1018. Public Bike Management (30)

There is a public bike service in Hangzhou City which provides great convenience to the tourists from all over the world. One may rent a bike at any station and return it to any other stations in the city.

The Public Bike Management Center (PBMC) keeps monitoring the real-time capacity of all the stations. A station is said to be in perfect condition if it is exactly half-full. If a station is full or empty, PBMC will collect or send bikes to adjust the condition of that station to perfect. And more, all the stations on the way will be adjusted as well.

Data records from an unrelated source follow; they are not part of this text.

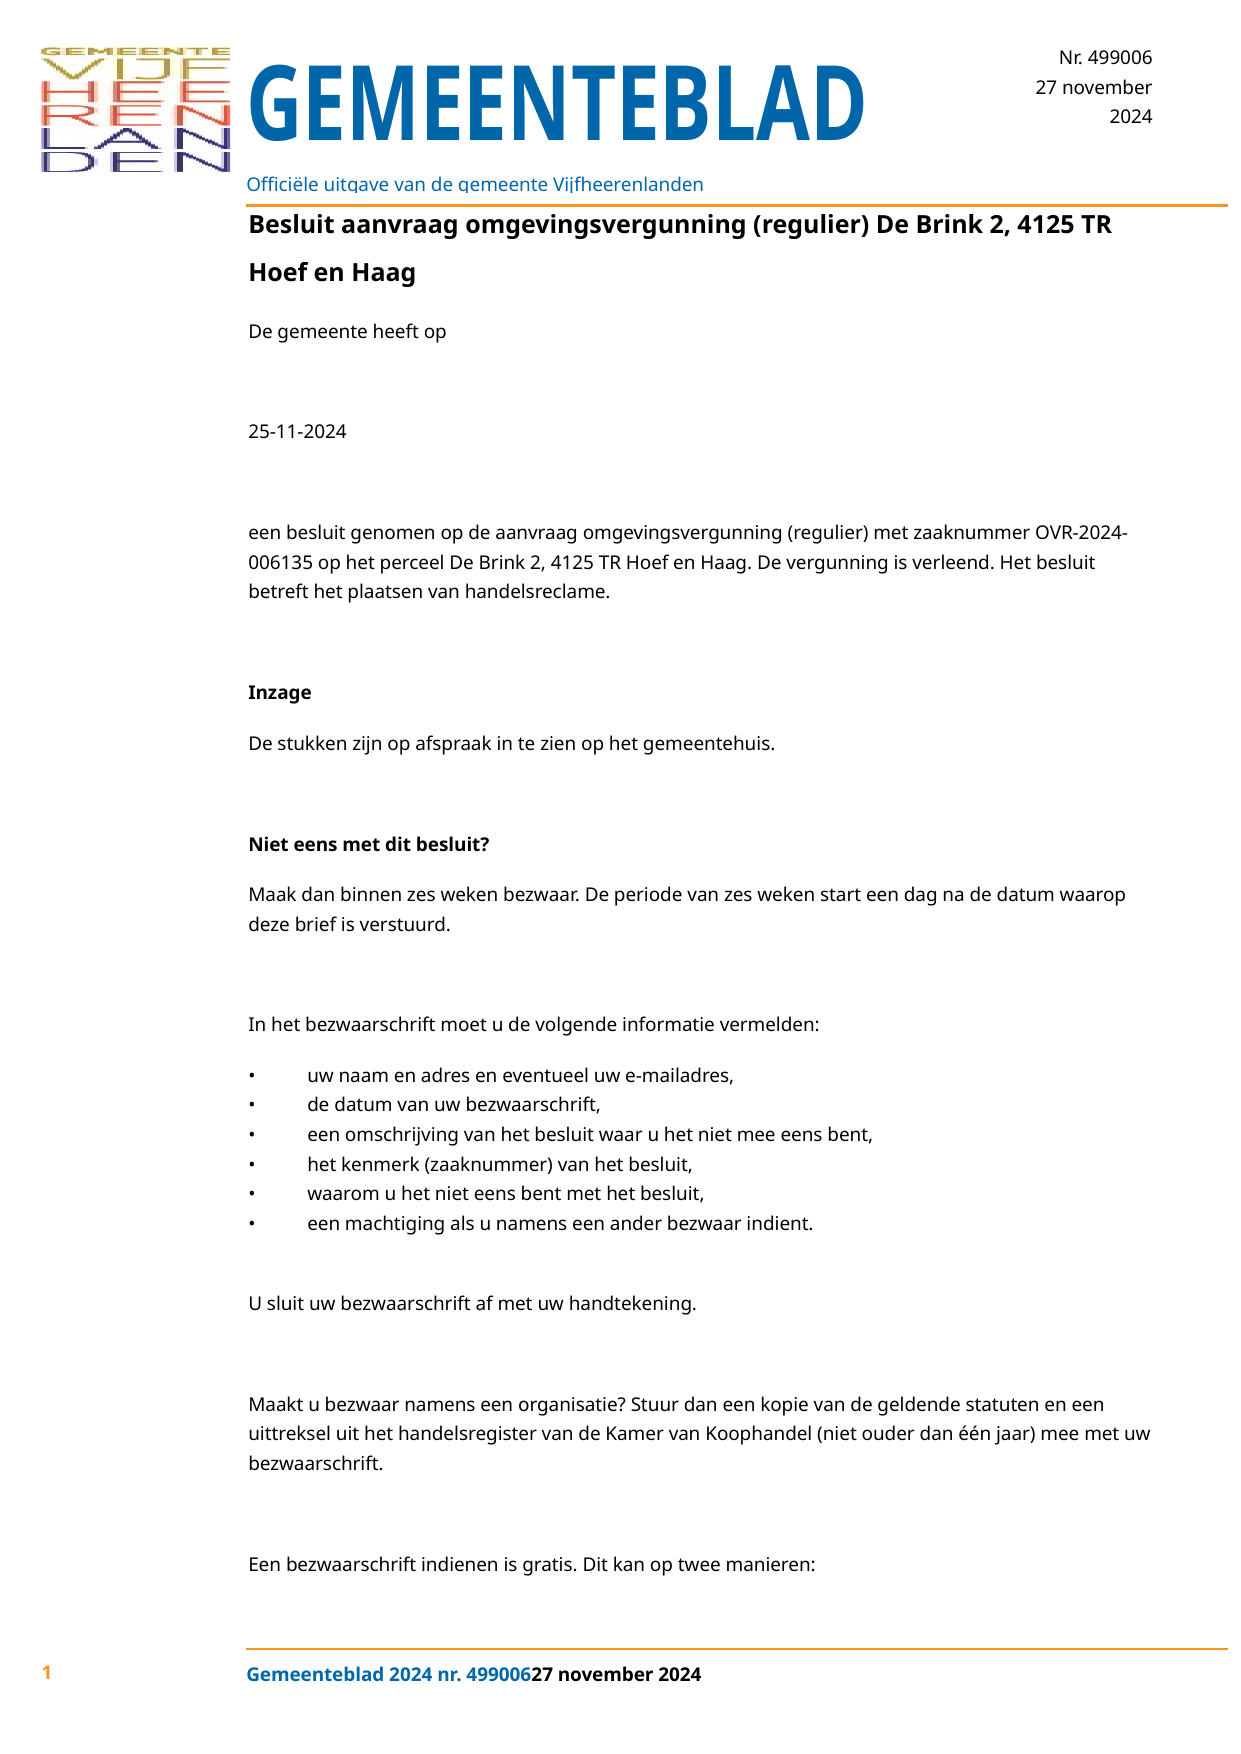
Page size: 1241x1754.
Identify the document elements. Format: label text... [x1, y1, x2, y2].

text Maakt u bezwaar namens een organisatie? Stuur dan een kopie van de geldende statuten en een uittreksel uit het handelsregister van de Kamer van Koophandel (niet ouder dan één jaar) mee met uw bezwaarschrift. [248, 1391, 1152, 1476]
text 25-11-2024 [248, 419, 1152, 444]
list de datum van uw bezwaarschrift, [248, 1092, 1152, 1117]
text Een bezwaarschrift indienen is gratis. Dit kan op twee manieren: [248, 1551, 1152, 1577]
text Maak dan binnen zes weken bezwaar. De periode van zes weken start een dag na de datum waarop deze brief is verstuurd. [248, 881, 1152, 937]
text Niet eens met dit besluit? [248, 831, 1152, 857]
list uw naam en adres en eventueel uw e-mailadres, [248, 1062, 1152, 1088]
text Besluit aanvraag omgevingsvergunning (regulier) De Brink 2, 4125 TR Hoef en Haag [248, 207, 1152, 288]
list een omschrijving van het besluit waar u het niet mee eens bent, [248, 1121, 1152, 1147]
text In het bezwaarschrift moet u de volgende informatie vermelden: [248, 1012, 1152, 1037]
list waarom u het niet eens bent met het besluit, [248, 1180, 1152, 1206]
list een machtiging als u namens een ander bezwaar indient. [248, 1210, 1152, 1236]
text De stukken zijn op afspraak in te zien op het gemeentehuis. [248, 730, 1152, 756]
text Inzage [248, 679, 1152, 705]
picture [41, 47, 231, 172]
text een besluit genomen op de aanvraag omgevingsvergunning (regulier) met zaaknummer OVR-2024-006135 op het perceel De Brink 2, 4125 TR Hoef en Haag. De vergunning is verleend. Het besluit betreft het plaatsen van handelsreclame. [248, 519, 1152, 604]
text De gemeente heeft op [248, 318, 1152, 344]
text U sluit uw bezwaarschrift af met uw handtekening. [248, 1290, 1152, 1316]
list het kenmerk (zaaknummer) van het besluit, [248, 1151, 1152, 1177]

When a problem station is reported, PBMC will always choose the shortest path to reach that station. If there are more than one shortest path, the one that requires the least number of bikes sent from PBMC will be chosen.



Figure 1 illustrates an example. The stations are represented by vertices and the roads correspond to the edges. The number on an edge is the time taken to reach one end station from another. The number written inside a vertex S is the current number of bikes stored at S. Given that the maximum capacity of each station is 10. To solve the problem at S3, we have 2 different shortest paths:

PBMC -> S1 -> S3. In this case, 4 bikes must be sent from PBMC, because we can collect 1 bike from S1 and then take 5 bikes to S3, so that both stations will be in perfect conditions.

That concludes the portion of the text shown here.